Faculty Spotlight: Professor Heather Lindenman

Our Faculty Spotlight for the month of October is shining on Professor Heather Lindenman. She is an Assistant Professor in the English department and teaches classes that span from ENG 110 to a Teaching and Learning Apprenticeship. If you haven’t seen her on campus for the last few months, it’s because she’s been on maternity leave spending time with her newborn baby boy! That being said, Professor Lindenman is keeping busy and has accomplished quite a lot in the past year, with three published articles and another one set to come out in November. I managed to catch up with her during a brief visit to campus and got the scoop on what she’s been up to lately.

Last spring you said you were doing research regarding the outcomes of your community-engaged writing classes and the consequences of a community writing partnership that links college and high school students. Are you still working on that or have you started something new?

I’m still working on them! Much of my research is based on different types of community-engaged classes and what students take away from them. I just wrapped up studies on a high school-college partnership where college students went to high schools and worked with students to use writing for social change. I’m also conducting research on Elon student’s non-academic writing including what students do outside of school and what they learn from that. A third project I’m working on concerns Elon alumni and explores what types of writing they do, which turns out to include a lot of emailing. I’ve also found a skill that they feel is really important is the ability to write things concisely and quickly. Overall, we’re hoping to learn how to better writing instruction here based on what alumni are actually doing in their careers.

Why did you choose that area for your research?

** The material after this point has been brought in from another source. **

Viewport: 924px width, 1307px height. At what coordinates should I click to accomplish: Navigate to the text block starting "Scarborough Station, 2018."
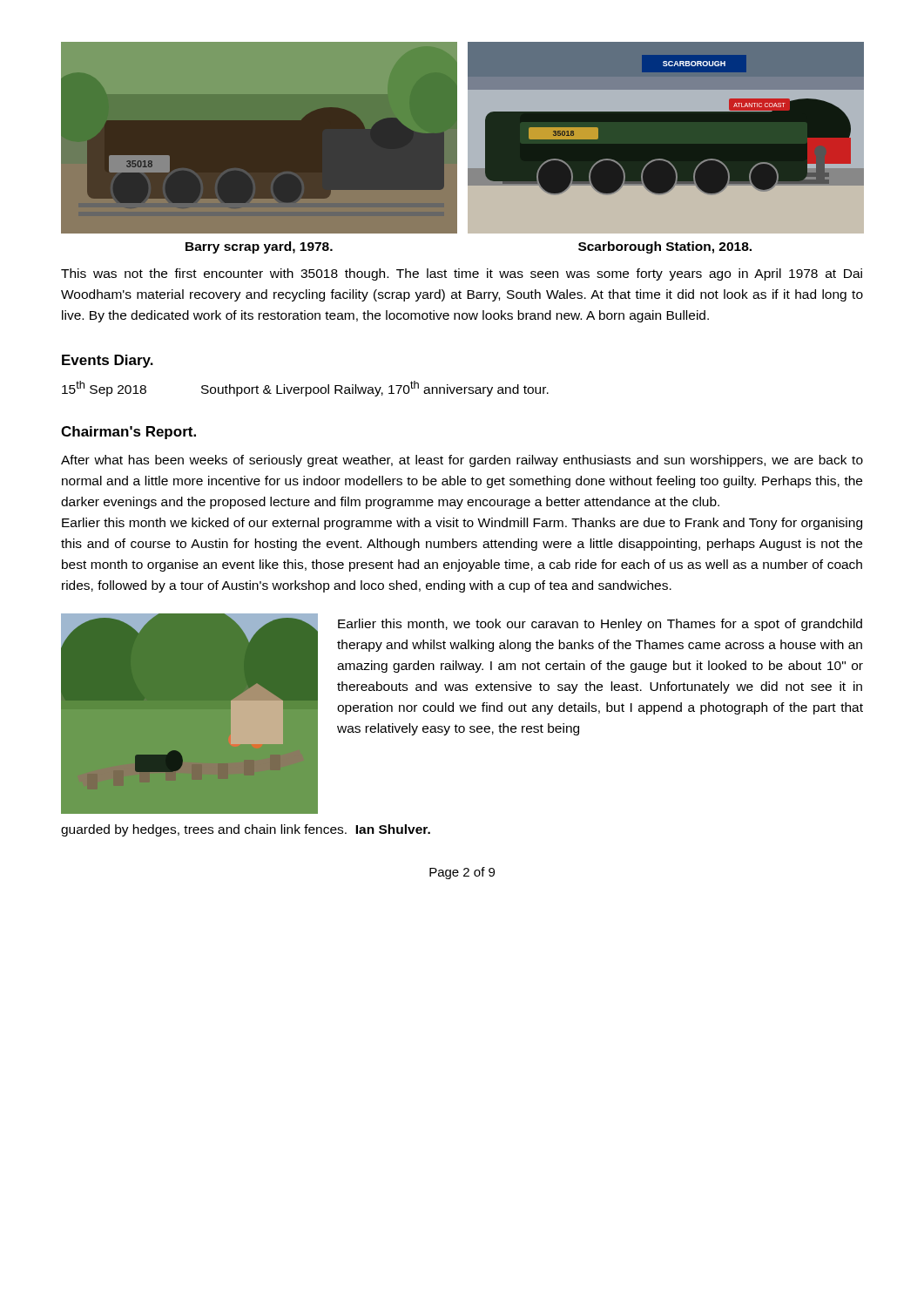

My interest in community engagement stems from my high school teaching experience. I spent five years teaching in low-income high schools, starting with Teach for America. My teaching has been really affected by that and it’s hard for me to do anything without thinking about how to bring what we do in college back to the community. As for my alumni research, I am concerned with what students learn in college and how that information transfers into the working world after graduation. What use is it to teach writing if it’s not helpful? The big-picture is how students transfer their learning from college to life beyond the university.

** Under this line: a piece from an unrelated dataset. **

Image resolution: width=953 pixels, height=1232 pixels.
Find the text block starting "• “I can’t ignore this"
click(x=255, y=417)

So I read that you’ve recently had two articles and a book chapter published that focus on teaching writing. Would you give a brief description of these publications?

  • One of them is about how a university faculty member can best manage a high school and college partnership and ways to help such a partnership develop organically.
  • Another article is about the assessment of writing partnerships like that and thinking about their consequences. It asks about the responsibilities of a high school-college writing partnership. Should it be helping students develop academically to help them in their high school classes, should it be about social justice, or should it be about advocacy? The question I answered there is, “What are the consequences of this program?”
  • The last one is unrelated, and it’s about students’ revision practices, what people tend to do when they revise, and how we can teach revision better.

What inspired you to write about these topics?

Well, I already covered the community writing partnerships, but for the revision article, I was inspired by my teaching experience at University of Maryland, where we realized that when students were asked to revise, many would often only make superficial edits. And that was really different from what happened when professionals revised, when they often made substantial changes. So we were trying to figure out ways to bridge that gap and help students revise more like professionals.

What was the most surprising thing you learned when writing these publications?

How long it takes, seriously! The whole process took me years with the insane revisions and research. The most frustrating part of it all is that I would spend hours and hours doing research, including reading 15 sources from cover to cover, and the outcome might’ve been a footnote on page 12.

Are there any other publications in the works?

Yes there are. I just finished an article that comes out in November! It’s about how written advocacy projects can get people to listen better. How do you get people to listen in an empathetic way that promotes action? I still don’t fully know the answer, but I did write an article about it!

Lastly, how has your experience been with teaching in the College Fellows?

Enjoyable! I teach the College Fellows intro seminar for first-years every winter, which delves into the paths to research in the arts and sciences. It’s interesting to think about what makes arts and humanities research different from social sciences research, because my own research kind-of spans fields, so to have to distinguish them is a good exercise. Plus College Fellows are awesome because the questions people are asking are really interesting. I like helping people refine their writing inquiry.


Make sure to check out Professor Lindenman’s enlightening articles and chapter, “Revision and Reflection: A Study of (Dis)Connections Between Writing Knowledge and Writing Practice,” “What Changes When We ‘Write for Change’?’: Considering the Consequences of a High School-University Writing Partnership,” and “From the Center to the Sidelines: Responsive Leadership in a High School-College Writing Partnership.”

Thanks, Professor Lindeman, for taking time out of your busy schedule and good luck with everything!